The Home Office is planning to build three 1,300-cell jails and create 4,000 new spaces in ready-to-use units that will be erected in existing prisons.
Mr Reid needs the new jail spaces because of a surge that has taken the total number of prisoners in England and Wales to more than 80,000 for the first time.
Yesterday it was disclosed that 85 of the 139 jails in England and Wales were overcrowded at the end of October.
Under the funding plan, disclosed in the latest issue of Building magazine, a new jail would be built by a trust and the Government would pay the trust an annual rent for housing offenders in the prisons.
The cash paid by the Home Office for using the jail would be paid to the trust, which would then pay regular dividends to the investors.
The basic rate of income tax of 22 per cent would be deducted at source and higher-rate taxpayers would have to pay a further 18 per cent, but investors would be able to reclaim the tax if they invested through a pension or an Isa.
For small investors there would also be the advantage that there is no minimum investment level in the trusts and dividends are paid irrespective of how the shares perform.
Last night opposition politicians and penal reform groups said that the idea was a measure of the desperation facing a Government that had run out of prison places.
Harry Fletcher, assistant general secretary of the National Association of Probation Officers, asked what safeguards would be introduced to prevent organised criminals investing in the prisons.
“What perks will shareholders get should they find themselves incarcerated in one of the prisons at a later date?”
He added: “This is a desperate measure. The Treasury refused to finance new jails by conventional means so Mr Reid is having to go to this length to find a way of getting the new spaces.”
David Davis, the Shadow Home Secretary, said that the proposal was a consequence of the Government’s failure to address the lack of capacity in the prison system.
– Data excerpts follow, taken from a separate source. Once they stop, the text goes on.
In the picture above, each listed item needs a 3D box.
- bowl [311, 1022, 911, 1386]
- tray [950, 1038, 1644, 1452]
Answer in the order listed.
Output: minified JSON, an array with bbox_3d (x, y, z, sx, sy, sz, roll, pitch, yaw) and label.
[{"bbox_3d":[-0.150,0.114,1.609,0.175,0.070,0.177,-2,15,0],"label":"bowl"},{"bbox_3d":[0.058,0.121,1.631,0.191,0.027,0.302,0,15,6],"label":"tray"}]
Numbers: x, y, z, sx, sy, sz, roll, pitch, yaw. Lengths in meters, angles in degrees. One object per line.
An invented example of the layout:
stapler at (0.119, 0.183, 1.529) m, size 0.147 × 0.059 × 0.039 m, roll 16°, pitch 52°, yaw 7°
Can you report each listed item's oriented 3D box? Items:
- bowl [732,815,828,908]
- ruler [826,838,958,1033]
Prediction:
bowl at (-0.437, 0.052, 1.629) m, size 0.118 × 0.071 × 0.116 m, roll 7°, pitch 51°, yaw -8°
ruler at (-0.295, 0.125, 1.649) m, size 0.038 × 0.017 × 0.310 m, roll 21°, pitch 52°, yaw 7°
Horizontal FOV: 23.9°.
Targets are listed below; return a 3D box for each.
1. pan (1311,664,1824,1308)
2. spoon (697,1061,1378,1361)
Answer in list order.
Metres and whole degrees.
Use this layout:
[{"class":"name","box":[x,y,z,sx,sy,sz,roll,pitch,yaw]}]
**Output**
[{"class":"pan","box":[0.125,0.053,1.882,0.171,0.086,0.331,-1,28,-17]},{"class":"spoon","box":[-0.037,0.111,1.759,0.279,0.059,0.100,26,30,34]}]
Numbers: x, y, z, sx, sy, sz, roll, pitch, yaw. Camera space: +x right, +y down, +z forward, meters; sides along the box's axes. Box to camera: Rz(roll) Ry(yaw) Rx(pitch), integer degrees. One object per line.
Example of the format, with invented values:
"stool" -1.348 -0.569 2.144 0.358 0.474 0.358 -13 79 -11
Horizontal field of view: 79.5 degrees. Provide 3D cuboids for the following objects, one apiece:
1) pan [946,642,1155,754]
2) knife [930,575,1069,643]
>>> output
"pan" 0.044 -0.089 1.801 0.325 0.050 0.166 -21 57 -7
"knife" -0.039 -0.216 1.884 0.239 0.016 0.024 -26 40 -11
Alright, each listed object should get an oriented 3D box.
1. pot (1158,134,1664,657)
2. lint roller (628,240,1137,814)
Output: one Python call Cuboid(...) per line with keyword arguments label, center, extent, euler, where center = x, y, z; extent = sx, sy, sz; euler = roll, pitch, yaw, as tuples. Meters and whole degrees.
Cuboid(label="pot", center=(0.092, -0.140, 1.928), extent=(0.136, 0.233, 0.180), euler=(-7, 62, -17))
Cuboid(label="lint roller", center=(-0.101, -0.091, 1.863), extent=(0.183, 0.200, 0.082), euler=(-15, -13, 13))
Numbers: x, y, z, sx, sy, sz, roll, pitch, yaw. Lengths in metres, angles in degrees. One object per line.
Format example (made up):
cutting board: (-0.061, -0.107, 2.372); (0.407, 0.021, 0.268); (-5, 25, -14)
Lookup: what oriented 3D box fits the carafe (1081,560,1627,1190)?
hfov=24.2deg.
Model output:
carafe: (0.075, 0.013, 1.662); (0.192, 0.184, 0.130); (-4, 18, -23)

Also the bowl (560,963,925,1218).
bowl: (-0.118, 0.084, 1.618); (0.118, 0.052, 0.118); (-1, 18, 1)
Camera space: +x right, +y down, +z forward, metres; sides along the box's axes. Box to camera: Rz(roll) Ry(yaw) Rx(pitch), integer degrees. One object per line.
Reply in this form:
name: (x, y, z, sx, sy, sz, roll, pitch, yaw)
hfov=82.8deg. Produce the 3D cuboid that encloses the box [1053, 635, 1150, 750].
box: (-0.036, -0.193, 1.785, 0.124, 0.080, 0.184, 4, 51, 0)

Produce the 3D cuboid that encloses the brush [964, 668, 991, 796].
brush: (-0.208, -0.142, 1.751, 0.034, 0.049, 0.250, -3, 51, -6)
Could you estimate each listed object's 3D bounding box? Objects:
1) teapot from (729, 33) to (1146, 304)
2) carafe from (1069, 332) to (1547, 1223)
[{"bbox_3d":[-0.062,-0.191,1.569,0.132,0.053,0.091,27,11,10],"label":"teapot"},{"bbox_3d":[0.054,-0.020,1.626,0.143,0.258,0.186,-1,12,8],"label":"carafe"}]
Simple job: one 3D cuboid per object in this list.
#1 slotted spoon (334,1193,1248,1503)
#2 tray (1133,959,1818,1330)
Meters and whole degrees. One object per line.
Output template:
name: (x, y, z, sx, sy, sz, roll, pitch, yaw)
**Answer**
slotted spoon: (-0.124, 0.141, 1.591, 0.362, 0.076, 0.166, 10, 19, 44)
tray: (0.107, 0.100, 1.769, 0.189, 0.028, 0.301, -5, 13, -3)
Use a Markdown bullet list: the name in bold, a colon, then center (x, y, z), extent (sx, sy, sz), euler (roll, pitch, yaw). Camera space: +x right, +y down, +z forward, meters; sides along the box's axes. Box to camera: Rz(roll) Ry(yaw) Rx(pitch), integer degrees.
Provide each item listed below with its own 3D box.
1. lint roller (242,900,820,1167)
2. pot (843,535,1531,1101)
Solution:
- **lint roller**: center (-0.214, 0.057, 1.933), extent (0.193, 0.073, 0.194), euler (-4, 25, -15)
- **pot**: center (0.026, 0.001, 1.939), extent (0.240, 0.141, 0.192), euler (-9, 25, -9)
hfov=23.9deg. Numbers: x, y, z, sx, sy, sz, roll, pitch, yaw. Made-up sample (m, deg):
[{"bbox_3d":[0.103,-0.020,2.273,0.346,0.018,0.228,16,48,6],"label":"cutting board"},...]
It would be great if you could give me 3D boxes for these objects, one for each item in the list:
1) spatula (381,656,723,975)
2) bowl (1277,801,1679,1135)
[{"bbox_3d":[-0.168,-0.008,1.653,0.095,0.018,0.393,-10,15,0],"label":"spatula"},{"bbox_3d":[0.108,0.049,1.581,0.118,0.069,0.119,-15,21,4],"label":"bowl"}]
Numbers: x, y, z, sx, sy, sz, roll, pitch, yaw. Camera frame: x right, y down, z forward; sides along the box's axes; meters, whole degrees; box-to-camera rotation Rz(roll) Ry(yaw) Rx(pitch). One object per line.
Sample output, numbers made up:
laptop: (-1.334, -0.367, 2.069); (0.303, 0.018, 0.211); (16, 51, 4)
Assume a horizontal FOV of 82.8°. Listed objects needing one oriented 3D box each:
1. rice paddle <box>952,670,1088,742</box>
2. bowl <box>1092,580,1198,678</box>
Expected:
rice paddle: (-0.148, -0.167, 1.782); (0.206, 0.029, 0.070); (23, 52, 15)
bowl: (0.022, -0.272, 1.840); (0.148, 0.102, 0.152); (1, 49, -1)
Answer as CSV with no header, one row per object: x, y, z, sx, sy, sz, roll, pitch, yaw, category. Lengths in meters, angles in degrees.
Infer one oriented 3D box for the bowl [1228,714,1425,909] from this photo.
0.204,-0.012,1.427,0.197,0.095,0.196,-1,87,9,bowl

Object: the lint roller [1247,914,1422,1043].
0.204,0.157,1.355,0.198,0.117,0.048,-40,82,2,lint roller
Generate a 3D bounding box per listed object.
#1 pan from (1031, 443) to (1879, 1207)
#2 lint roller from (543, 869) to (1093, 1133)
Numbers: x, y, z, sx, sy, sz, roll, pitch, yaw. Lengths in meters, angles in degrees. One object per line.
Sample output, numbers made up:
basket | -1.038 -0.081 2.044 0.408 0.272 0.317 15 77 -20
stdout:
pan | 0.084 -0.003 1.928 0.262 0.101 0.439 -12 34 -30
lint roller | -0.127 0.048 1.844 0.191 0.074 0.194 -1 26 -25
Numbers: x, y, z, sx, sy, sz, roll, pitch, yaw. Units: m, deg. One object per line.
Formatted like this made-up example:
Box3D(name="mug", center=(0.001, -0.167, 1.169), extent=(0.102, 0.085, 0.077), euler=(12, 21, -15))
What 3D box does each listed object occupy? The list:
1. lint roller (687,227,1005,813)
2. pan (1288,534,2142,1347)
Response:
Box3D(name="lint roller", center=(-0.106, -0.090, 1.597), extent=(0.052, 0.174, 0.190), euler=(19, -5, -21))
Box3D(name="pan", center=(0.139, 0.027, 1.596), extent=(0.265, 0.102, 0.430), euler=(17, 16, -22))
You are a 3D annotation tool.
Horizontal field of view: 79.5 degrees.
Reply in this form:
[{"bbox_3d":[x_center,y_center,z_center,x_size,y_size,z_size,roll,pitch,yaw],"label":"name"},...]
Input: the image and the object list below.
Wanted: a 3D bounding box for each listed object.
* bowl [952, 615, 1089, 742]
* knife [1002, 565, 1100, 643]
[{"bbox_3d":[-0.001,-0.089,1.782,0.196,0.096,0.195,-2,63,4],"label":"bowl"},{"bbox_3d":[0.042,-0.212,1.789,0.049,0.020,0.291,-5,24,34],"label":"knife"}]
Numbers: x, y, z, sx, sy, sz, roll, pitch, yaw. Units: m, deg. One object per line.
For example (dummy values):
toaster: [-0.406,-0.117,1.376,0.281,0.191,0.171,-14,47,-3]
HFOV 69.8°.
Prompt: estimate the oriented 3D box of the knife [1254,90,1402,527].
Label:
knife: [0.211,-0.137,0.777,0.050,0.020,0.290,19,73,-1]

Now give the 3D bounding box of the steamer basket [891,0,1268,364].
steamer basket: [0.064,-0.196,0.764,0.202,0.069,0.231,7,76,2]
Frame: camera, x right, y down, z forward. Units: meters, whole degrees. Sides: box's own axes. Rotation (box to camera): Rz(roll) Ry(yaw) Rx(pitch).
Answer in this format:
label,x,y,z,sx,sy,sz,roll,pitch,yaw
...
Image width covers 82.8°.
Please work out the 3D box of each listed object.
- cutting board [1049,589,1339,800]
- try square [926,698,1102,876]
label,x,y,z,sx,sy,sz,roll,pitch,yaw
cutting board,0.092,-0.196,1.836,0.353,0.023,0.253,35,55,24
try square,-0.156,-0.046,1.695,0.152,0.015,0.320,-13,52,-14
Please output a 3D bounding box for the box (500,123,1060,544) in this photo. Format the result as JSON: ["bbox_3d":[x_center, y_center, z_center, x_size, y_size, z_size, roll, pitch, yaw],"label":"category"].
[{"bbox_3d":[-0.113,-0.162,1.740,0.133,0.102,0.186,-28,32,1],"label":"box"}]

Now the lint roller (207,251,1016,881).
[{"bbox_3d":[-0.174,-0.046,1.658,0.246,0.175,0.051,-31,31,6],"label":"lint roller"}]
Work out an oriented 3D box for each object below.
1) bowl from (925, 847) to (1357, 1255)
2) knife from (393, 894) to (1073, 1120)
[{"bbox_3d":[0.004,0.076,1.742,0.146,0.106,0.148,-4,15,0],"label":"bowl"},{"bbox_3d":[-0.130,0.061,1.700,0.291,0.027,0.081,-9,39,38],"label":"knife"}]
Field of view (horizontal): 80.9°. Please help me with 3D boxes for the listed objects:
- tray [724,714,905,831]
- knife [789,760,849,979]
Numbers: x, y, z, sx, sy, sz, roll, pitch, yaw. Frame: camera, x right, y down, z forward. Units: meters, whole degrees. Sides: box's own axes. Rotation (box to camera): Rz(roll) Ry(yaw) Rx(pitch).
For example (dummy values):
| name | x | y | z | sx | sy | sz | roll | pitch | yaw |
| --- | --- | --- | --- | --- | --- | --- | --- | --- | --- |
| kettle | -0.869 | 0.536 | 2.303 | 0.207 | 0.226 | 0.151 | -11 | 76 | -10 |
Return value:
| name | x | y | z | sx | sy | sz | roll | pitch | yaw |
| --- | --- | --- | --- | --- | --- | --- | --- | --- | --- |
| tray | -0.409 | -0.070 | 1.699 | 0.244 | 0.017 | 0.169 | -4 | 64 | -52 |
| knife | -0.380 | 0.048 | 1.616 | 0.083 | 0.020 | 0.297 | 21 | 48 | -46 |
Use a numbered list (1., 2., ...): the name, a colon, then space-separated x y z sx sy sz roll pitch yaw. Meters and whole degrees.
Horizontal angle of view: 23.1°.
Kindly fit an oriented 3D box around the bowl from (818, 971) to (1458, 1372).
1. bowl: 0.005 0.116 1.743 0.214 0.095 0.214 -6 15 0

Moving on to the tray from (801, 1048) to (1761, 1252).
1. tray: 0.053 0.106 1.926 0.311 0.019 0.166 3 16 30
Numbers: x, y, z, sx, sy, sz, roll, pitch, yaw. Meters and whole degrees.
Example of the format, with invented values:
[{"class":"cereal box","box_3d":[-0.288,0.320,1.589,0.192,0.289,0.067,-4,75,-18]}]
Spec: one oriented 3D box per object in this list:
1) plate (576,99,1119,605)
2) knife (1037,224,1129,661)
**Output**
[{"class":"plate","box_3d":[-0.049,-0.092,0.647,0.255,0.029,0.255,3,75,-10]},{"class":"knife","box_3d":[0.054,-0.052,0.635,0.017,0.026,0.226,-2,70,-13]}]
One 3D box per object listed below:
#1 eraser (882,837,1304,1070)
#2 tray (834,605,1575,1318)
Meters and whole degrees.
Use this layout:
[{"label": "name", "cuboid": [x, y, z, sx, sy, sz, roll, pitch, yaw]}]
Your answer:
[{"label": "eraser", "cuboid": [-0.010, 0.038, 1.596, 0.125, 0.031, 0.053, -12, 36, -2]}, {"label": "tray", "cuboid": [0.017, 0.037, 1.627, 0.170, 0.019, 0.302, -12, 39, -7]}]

“The Home Office has actually seen its budget frozen. As a result we see John Reid reduced to begging the public to stump up even more of their cash to pay to deal with Labour’s failure.”
Mr Reid’s Home Office budget has been frozen for the next three years, causing a serious cash crisis in the department.
He has scrapped the introduction of a non-emergency 101 number for the public and abandoned Labour’s general election pledge to have 24,000 police comunity support officers by April 2008.